Kordell handed her a leather folder. "This is just the start," he said. "Ten percent of Hines Global. It's in your name. Effective immediately."

Giselle looked down at the papers. The numbers were staggering. In the span of five minutes, she had gone from destitute to a billionaire.

"Why..." her voice cracked. "Why now?"

"We never stopped looking," her father said, his voice breaking. "The Woods family... they hid you well. But we found the discrepancy in the records. We came as fast as we could."

As the convoy began to move, pulling away from the curb, Giselle looked out the tinted back window.

Through the rain, she saw the imposing silhouette of the Villarreal manor. It looked like a prison now. A cold, stone mausoleum.

Inside that house, Joseph was probably pouring himself a drink, relieved to be rid of the "fraud." He had no idea. He thought he had thrown out trash, but he had just declared war on an empire.

Back in the manor, Joseph stood by the window. He saw the red taillights of the convoy fade into the mist.

"Sir," Kieran, his assistant, entered the room. "We've lost her."

Joseph frowned, turning around. "What do you mean?"

"I tried to track her phone. I tried to check the train stations, the bus depots. Nothing. Her signal just... vanished. It's like she ceased to exist the moment she stepped out the gate."

Joseph swirled the amber liquid in his glass. "She's hiding," he muttered. "She'll turn up in some cheap motel in a few days when she needs money."

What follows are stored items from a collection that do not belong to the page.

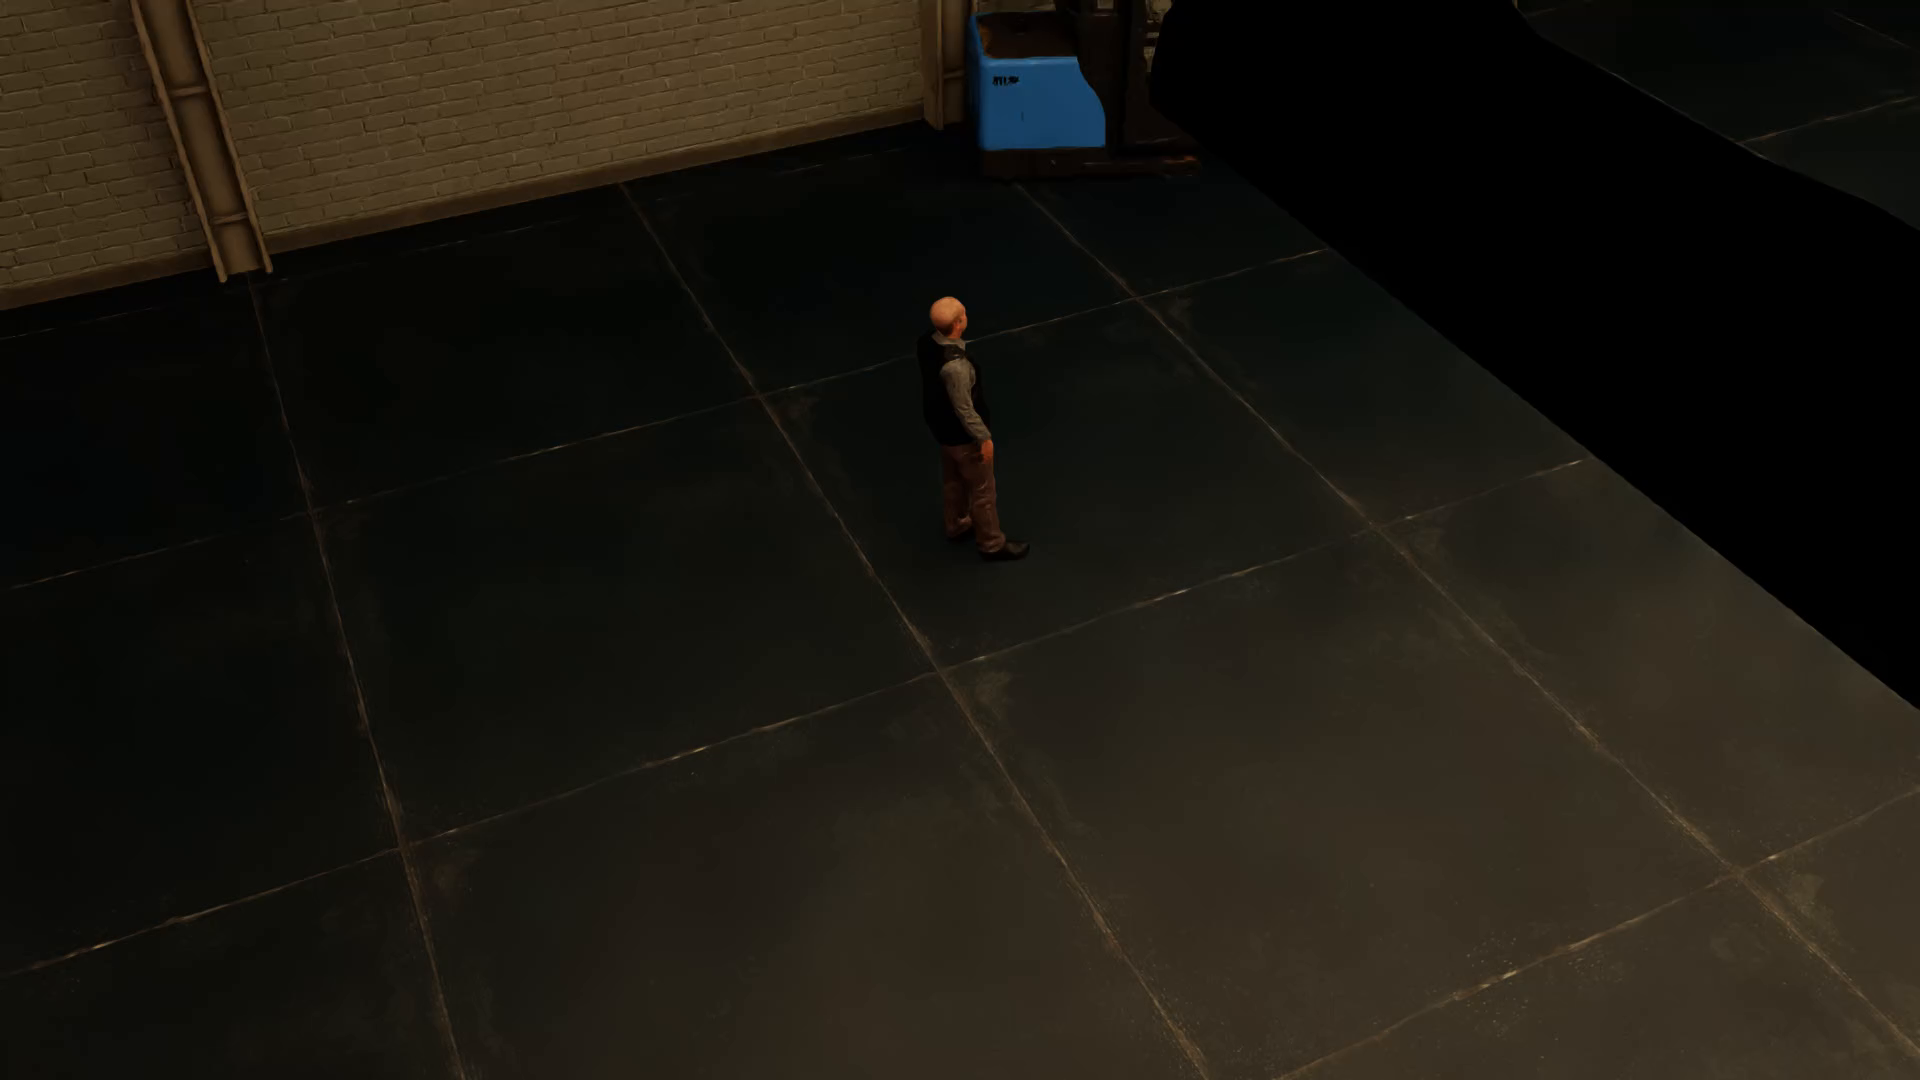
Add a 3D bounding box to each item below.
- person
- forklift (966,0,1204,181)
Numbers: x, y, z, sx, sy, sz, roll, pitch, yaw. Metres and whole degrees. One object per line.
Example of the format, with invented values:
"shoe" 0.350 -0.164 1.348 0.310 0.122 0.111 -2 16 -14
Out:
"person" 0.067 -0.681 9.765 0.551 1.720 0.632 -17 43 -19
"forklift" 1.601 -4.495 13.403 3.031 2.935 1.130 -3 40 -4
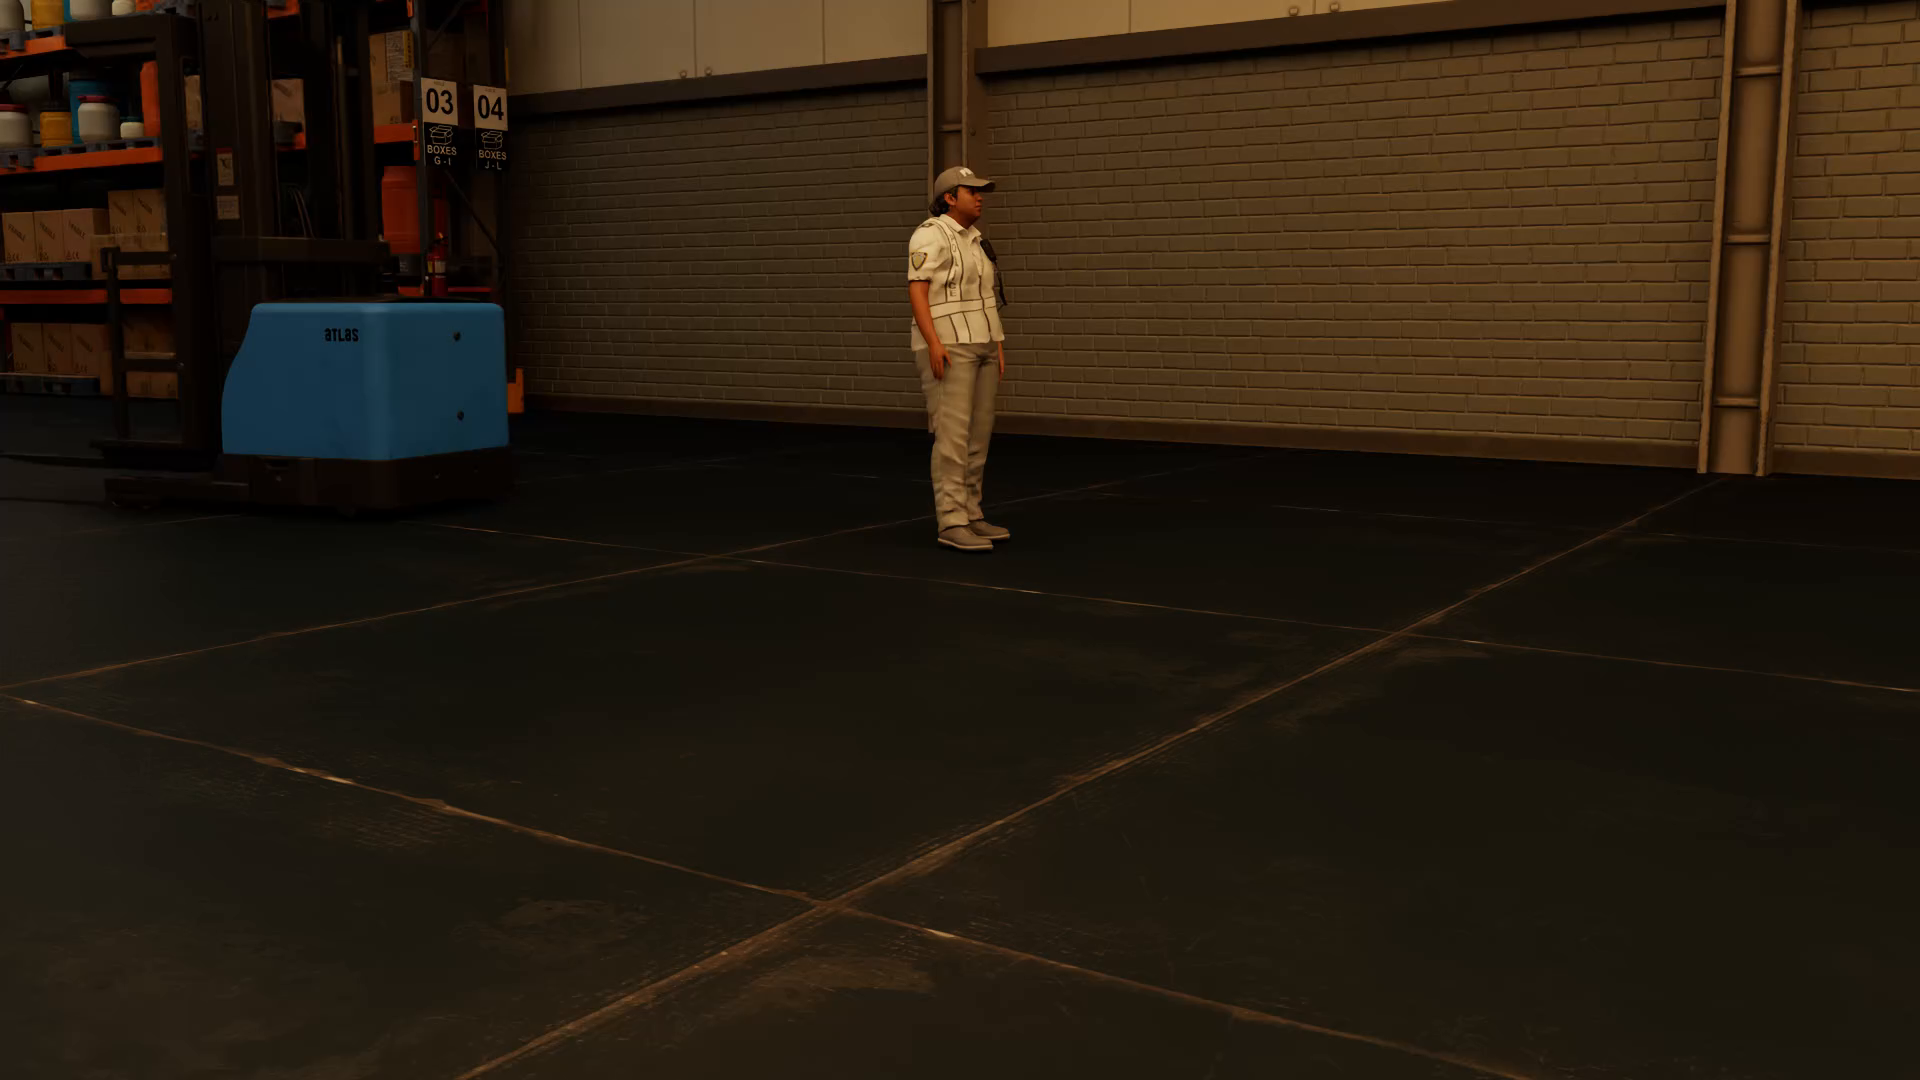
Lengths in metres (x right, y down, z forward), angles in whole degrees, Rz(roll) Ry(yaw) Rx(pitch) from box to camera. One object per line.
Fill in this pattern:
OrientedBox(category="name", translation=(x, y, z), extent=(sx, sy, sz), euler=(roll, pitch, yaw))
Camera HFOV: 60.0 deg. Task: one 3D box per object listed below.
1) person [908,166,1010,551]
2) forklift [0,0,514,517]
OrientedBox(category="person", translation=(0.051, -0.823, 7.424), extent=(0.529, 1.670, 0.598), euler=(5, 10, 34))
OrientedBox(category="forklift", translation=(-3.985, -1.677, 8.989), extent=(3.031, 2.935, 1.130), euler=(3, 9, 23))

But a knot of unease tightened in his stomach. He remembered the look in her eyes before she left. It wasn't the look of a defeated woman. It was the look of someone who had nothing left to lose. And that convoy... he hadn't seen the logos, but the precision of those cars, the way they moved in formation-that wasn't a taxi service. That was extraction.

In the Rolls Royce, Giselle took a sip of the cocoa. The warmth spread through her chest. She leaned her head on her mother's shoulder.

The girl who cried in the mud was gone.